- TRY IT -
Using the records below, quote only the span that opens with the line containing "Answer briefly. Yes." and closes with the line containing "Answer: 2 What", exactly and inclusively.

[Stored data]
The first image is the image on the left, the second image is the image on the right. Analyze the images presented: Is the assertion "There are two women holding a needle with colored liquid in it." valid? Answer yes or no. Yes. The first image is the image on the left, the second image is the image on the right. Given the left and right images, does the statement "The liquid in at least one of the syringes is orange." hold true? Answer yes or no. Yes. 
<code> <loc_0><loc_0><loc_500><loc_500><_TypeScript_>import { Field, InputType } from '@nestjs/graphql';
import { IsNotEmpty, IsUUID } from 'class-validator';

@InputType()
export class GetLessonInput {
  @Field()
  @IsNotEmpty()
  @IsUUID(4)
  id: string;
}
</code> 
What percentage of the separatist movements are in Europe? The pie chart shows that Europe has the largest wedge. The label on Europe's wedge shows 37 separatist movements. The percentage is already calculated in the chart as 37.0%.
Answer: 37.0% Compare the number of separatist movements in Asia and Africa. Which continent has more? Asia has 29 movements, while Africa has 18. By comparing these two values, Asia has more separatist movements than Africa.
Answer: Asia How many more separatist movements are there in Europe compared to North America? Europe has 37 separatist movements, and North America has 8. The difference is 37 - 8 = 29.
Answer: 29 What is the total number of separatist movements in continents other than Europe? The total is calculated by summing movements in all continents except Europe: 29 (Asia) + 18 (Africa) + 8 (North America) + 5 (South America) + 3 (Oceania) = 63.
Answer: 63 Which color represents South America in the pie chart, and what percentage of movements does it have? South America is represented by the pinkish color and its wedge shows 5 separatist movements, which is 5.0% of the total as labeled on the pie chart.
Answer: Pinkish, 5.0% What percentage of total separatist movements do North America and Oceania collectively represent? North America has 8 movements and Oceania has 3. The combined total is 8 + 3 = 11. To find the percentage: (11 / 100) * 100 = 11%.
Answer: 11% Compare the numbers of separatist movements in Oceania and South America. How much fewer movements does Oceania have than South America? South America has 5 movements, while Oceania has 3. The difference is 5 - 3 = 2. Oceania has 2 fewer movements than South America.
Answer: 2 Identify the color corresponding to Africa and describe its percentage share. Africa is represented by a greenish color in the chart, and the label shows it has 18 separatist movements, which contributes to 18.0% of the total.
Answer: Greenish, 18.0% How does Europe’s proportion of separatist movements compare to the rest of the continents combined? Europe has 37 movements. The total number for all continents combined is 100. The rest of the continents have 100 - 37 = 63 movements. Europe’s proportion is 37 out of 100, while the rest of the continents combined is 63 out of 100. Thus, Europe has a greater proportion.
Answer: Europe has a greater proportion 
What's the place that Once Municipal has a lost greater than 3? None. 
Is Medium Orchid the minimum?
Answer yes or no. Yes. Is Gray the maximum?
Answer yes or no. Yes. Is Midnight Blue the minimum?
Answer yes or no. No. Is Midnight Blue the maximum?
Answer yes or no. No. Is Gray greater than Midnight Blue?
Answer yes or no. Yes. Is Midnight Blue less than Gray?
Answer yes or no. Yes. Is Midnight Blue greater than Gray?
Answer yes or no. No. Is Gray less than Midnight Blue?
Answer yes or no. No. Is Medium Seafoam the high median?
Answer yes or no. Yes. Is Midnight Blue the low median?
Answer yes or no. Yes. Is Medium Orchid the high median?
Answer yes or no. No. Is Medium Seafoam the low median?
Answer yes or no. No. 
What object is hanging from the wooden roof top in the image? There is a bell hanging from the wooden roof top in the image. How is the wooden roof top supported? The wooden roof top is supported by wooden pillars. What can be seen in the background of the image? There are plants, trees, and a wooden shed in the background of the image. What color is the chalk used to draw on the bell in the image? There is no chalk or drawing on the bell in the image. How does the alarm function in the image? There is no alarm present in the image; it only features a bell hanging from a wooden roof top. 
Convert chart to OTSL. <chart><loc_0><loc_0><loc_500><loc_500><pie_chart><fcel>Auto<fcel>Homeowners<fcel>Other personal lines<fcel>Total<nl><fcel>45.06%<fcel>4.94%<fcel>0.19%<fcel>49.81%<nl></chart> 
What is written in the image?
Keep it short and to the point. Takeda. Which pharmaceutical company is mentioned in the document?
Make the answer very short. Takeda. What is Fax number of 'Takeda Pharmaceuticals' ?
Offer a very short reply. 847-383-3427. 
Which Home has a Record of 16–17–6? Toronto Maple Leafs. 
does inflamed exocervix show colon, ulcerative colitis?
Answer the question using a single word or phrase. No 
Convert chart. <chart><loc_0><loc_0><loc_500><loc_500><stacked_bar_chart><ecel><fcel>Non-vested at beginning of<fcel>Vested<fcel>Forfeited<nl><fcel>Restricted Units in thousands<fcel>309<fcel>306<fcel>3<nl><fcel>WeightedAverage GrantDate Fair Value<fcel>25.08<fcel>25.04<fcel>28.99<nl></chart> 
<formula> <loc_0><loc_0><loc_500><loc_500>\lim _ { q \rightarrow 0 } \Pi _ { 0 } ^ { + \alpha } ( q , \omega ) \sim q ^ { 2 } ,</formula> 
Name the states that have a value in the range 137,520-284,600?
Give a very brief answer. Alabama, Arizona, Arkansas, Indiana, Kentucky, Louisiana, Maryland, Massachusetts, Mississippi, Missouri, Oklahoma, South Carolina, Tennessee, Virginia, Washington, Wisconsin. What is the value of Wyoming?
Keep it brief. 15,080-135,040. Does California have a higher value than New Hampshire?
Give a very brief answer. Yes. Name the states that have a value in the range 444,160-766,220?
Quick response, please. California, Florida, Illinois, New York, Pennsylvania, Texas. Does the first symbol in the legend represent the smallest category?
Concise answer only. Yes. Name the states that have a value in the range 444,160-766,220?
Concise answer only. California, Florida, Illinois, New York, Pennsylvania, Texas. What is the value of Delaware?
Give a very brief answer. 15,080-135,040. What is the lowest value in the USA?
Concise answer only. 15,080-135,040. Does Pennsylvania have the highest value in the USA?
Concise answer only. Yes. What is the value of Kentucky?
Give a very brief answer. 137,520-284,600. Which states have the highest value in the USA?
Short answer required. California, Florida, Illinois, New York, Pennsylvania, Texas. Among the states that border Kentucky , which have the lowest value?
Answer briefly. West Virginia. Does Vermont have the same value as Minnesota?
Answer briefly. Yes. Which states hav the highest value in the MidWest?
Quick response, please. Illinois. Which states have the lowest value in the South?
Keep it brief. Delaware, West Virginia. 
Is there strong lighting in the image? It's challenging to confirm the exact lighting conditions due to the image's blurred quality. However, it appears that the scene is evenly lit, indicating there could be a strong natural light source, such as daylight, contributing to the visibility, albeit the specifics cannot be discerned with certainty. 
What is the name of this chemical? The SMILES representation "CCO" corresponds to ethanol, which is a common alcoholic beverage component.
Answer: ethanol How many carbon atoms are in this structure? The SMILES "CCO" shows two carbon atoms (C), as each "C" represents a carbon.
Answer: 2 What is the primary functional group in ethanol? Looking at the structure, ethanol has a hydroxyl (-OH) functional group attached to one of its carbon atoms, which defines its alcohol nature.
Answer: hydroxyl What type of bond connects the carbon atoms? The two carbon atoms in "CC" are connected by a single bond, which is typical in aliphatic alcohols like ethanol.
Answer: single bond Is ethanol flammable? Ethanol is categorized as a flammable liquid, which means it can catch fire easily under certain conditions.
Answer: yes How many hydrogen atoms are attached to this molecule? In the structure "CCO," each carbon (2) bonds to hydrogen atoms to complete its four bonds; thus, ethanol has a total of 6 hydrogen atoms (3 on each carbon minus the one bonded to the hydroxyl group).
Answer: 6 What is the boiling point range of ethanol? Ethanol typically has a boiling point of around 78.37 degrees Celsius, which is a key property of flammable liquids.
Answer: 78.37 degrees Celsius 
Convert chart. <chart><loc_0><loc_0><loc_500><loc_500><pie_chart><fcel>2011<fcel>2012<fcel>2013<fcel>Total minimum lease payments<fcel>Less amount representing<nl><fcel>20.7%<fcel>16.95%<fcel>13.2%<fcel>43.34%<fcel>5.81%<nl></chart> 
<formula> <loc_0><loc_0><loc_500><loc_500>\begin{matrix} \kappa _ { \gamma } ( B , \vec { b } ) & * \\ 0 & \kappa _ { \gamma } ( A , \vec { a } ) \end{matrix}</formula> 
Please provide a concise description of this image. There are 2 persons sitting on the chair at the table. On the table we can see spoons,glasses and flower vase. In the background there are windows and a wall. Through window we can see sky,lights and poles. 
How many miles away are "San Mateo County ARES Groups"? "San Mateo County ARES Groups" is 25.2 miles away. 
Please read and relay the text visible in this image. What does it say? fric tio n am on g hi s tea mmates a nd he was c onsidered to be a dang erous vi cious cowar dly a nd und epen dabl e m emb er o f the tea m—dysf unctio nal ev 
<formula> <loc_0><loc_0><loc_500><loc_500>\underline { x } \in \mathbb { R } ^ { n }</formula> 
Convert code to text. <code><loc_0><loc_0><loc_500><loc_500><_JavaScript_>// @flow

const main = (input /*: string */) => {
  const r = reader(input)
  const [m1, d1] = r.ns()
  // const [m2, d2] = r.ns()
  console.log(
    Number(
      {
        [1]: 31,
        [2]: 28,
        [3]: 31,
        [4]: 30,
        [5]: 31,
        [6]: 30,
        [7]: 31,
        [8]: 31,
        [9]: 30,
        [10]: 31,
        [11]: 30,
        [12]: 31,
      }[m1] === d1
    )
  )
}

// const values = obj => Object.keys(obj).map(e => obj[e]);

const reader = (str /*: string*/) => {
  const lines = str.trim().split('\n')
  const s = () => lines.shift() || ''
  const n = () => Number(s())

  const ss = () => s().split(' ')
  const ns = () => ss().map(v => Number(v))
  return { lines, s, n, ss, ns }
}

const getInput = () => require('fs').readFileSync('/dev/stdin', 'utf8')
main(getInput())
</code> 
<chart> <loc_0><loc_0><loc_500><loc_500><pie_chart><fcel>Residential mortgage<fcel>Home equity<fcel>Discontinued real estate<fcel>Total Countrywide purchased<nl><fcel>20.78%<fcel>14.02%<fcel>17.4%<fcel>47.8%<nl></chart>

- TASK ANSWER -
Answer briefly. Yes. Which states hav the highest value in the MidWest?
Quick response, please. Illinois. Which states have the lowest value in the South?
Keep it brief. Delaware, West Virginia. 
Is there strong lighting in the image? It's challenging to confirm the exact lighting conditions due to the image's blurred quality. However, it appears that the scene is evenly lit, indicating there could be a strong natural light source, such as daylight, contributing to the visibility, albeit the specifics cannot be discerned with certainty. 
What is the name of this chemical? The SMILES representation "CCO" corresponds to ethanol, which is a common alcoholic beverage component.
Answer: ethanol How many carbon atoms are in this structure? The SMILES "CCO" shows two carbon atoms (C), as each "C" represents a carbon.
Answer: 2 What is the primary functional group in ethanol? Looking at the structure, ethanol has a hydroxyl (-OH) functional group attached to one of its carbon atoms, which defines its alcohol nature.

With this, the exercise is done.